Но это сейчас я походила на нее, а до катастрофы меня баловали. Я могла судить об этом по обстановке в комнате, по вещам в гардеробе. Меня вдруг разлюбили. Как разбившуюся дорогую вазу, которую хоть и склеили, но уже не увидели в ней прежней красоты. Разочарование — вот то чувство, которое испытывала моя семья по отношению ко мне.

— Раздеть! — приказала мама, и явившиеся вместе с ней горничные стянули с меня платье вместе с нижней рубашкой.

Я едва успела прикрыть грудь. Напавшие на меня швеи — иного определения дать не могу, вертели мной, точно куклой. Я уже перестала сопротивляться и опустила руки. Лишь горящее лицо говорило о высшей степени моего смущения.

Все говорили, что я похожа на мать. Такого же пшеничного цвета волосы, вздернутый носик, голубые глаза. Единственное, что я взяла у папы — ко мне легко лип загар, отчего на носу и щеках с весны и до осени поселялись веснушки. Мама и брат были такими белокожими, что казалось, они сделаны из фарфора. Видимо, так сказывалась их холодность. Ни капли тепла и сочувствия даже к близким.

Как на меня нахлынула лавина бесцеремонных женщин, так и схлынула. Швеи, закончив свои дела, разом покинули комнату. Никто не спросил, чего хочу я, никто не предложил выбрать фасон или хотя бы ткань.

Мама сама знала, как должна выглядеть ее дочь. Она ясно дала понять, что я всего лишь товар, который нужно завернуть в красивую упаковку.

Через неделю в мою комнату внесли сундуки, набитые вещами. Надо отдать должное, отец не поскупился. Горничные продемонстрировали мне красивые и добротные вещи. Мама сама не пришла и не поинтересовалась. Зачем? Ее миссия уже выполнена.

Я хмыкнула, глядя на себя в зеркало. Подпорченный товар, который хотят сбыть с рук, требует больших вложений. Глядишь, за упаковкой заказчик не заметит брака.

— Ты прекрасна, мышка!

В зеркале отразился мой учитель. Дальний родственник мамы, взявшийся впихнуть в меня все то, что я забыла. Всех прежних учителей из дома убрали. Родители не могли допустить, чтобы молва о моей безголовости распространилась по эльфийским землям. Взяли из родственников, который не уронит честь семьи. В его интересах было как можно быстрее «склеить разбившуюся вазу».

— Рейк! Я так рада тебя видеть! — я бросилась ему на шею, для чего пришлось встать на цыпочки. Учитель оправдывал свое имя. В переводе с эльфийского оно звучало как «сильный медведь». Медведем он и был. Он легко поднял меня и покружил.

— Говорят, тебя отправляют в Университет Природных Сил? — его щекастое лицо светилось счастьем.

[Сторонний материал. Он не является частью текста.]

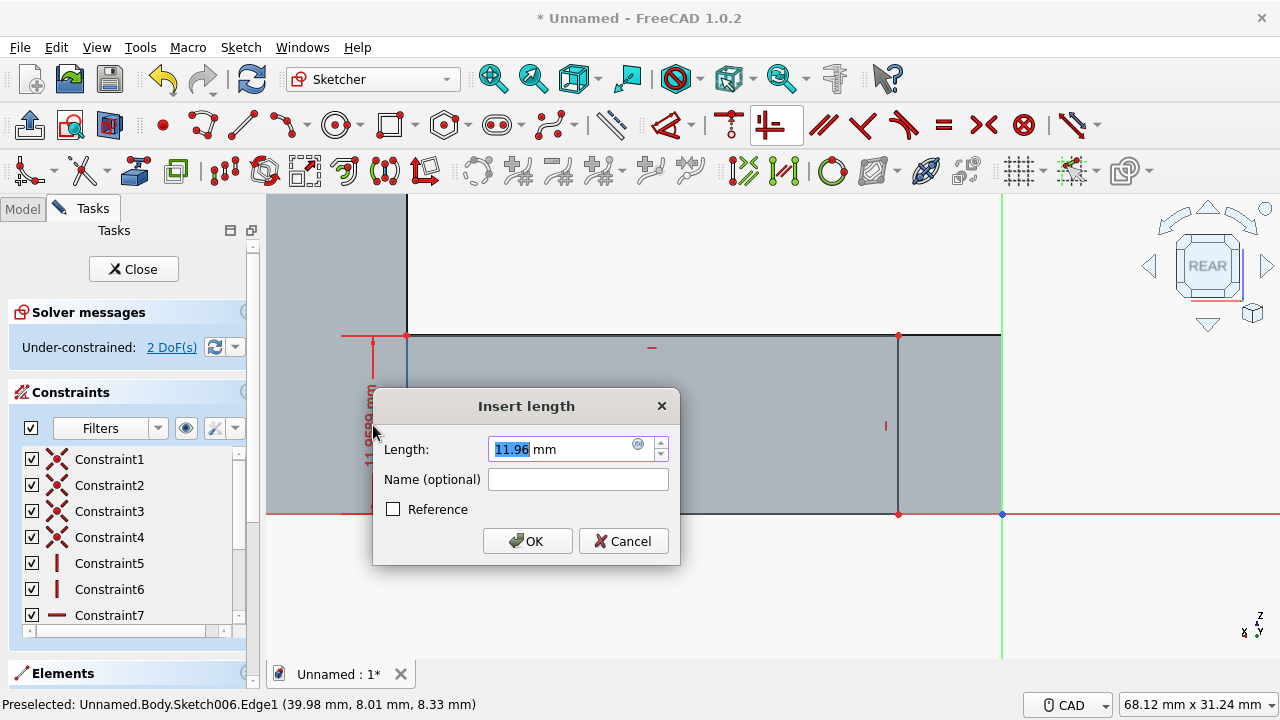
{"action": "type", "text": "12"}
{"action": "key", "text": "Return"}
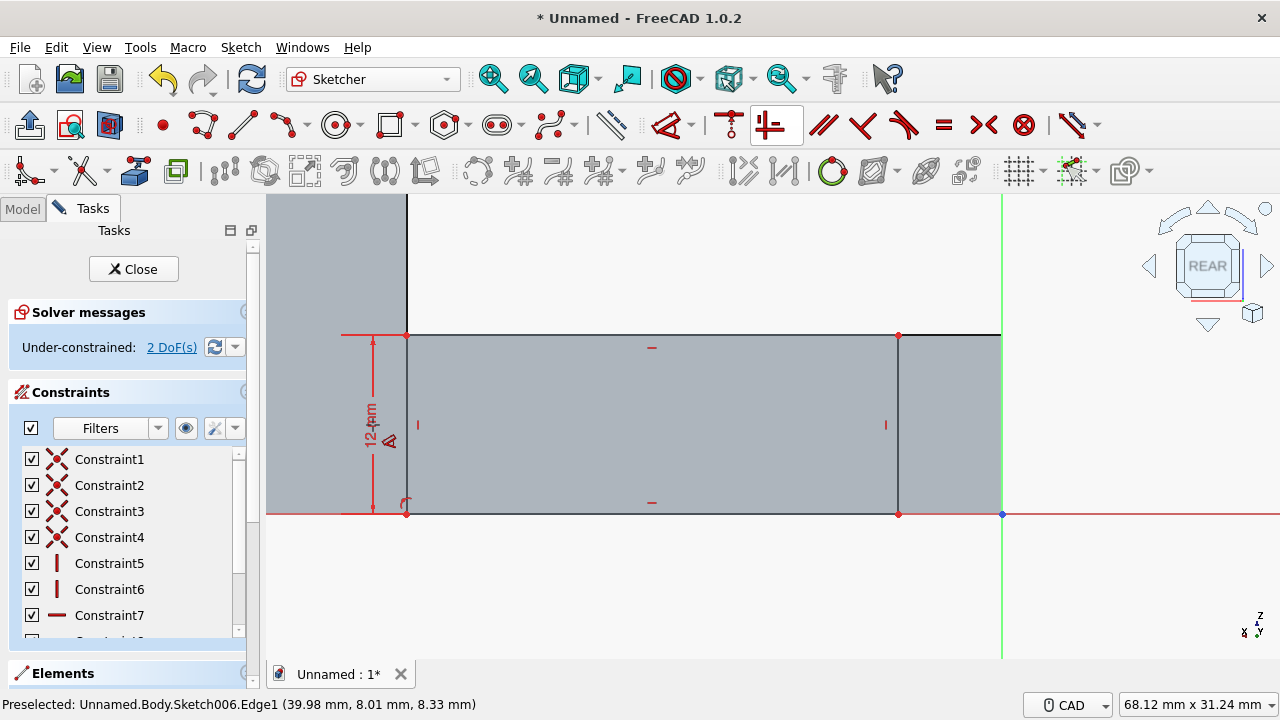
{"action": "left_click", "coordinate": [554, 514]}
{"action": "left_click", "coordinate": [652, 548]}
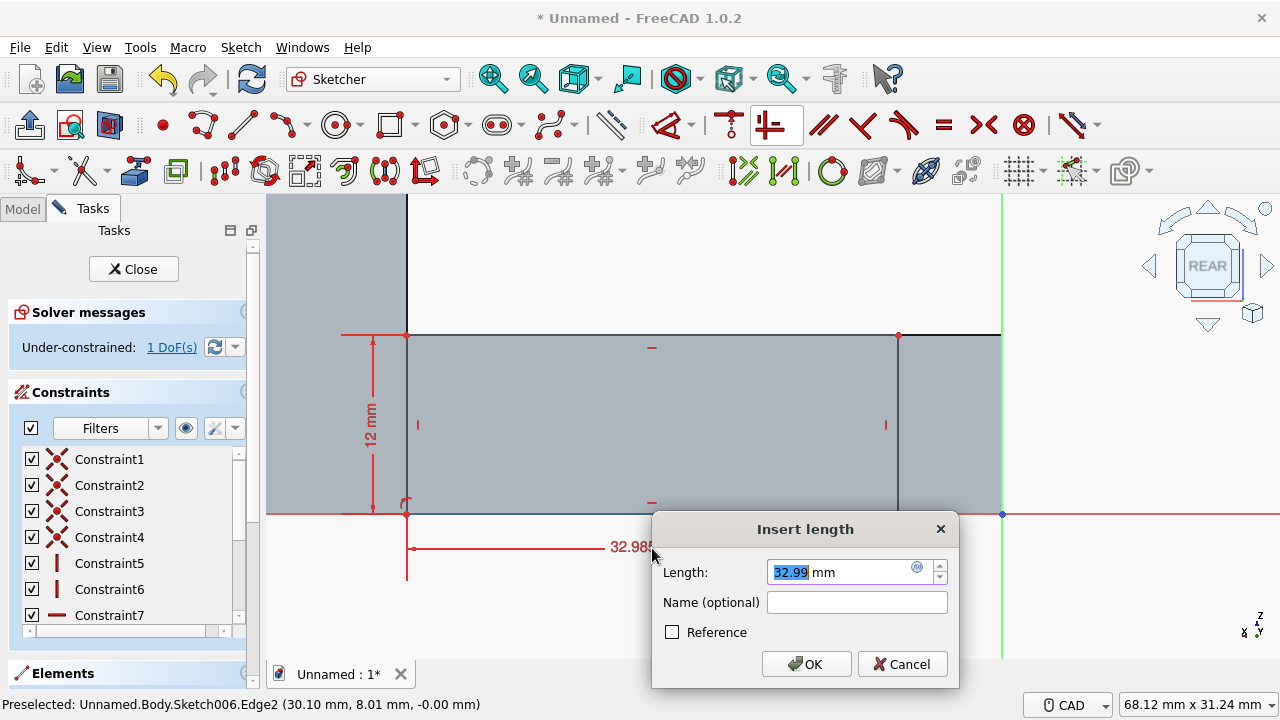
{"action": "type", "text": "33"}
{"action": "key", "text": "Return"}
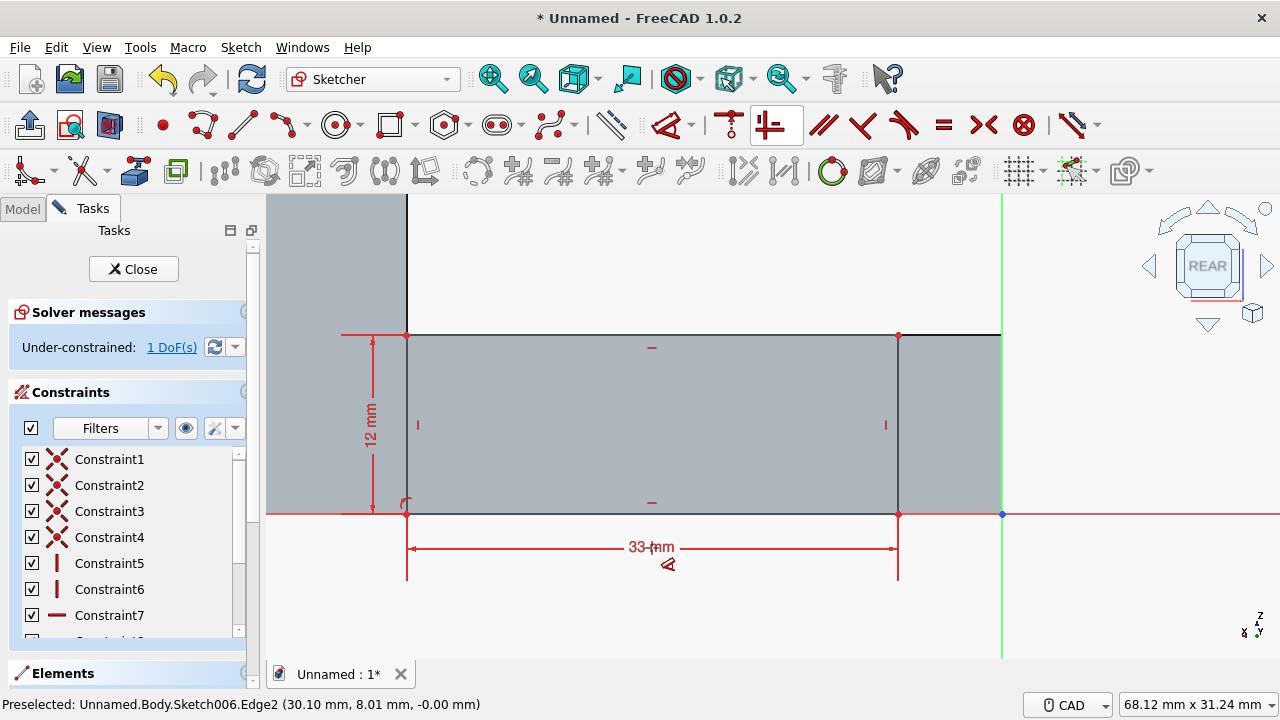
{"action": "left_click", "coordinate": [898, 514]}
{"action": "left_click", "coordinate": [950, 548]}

По знаку учителя горничные шмыгнули за дверь

— Да, уже завтра! Где ты был?

— Лорд Морохир прислал записку, что в моих услугах больше не нуждаются. Я случайно услышал, что тебя затребовал сам князь.

— Откуда?

— В доме всегда найдутся уши, желающие знать, что происходит у хозяев.

Я хмыкнула. Не я одна подсматривала и подслушивала. Наверняка и обо мне вовсю судачат. Зря родители думали, что скроют ущербную дочь. Сразу представилось, что молва о моем бедственном положении дошла до князя, и он поспешил вызволить меня из неволи.

Угу. Подождав для верности три года.

— Я очень переживаю. Никто не верит, что я справлюсь, — я вернулась к зеркалу, чтобы примерить меховую шапочку и дорожный плащ. Сняв их, напялила расшитый птицами бархатный халат.

— Ты справишься. Мы много чего не успели, и тебе так и не дался «Свод дворянских правил», но у тебя есть уникальная способность выходить с честью из сложных положений. С такой раной, какую получила ты, никто не выжил бы. В лучшем случае, остался бы прикованным на всю жизнь к постели. Однако ты не только ходишь и говоришь, но еще и мыслишь.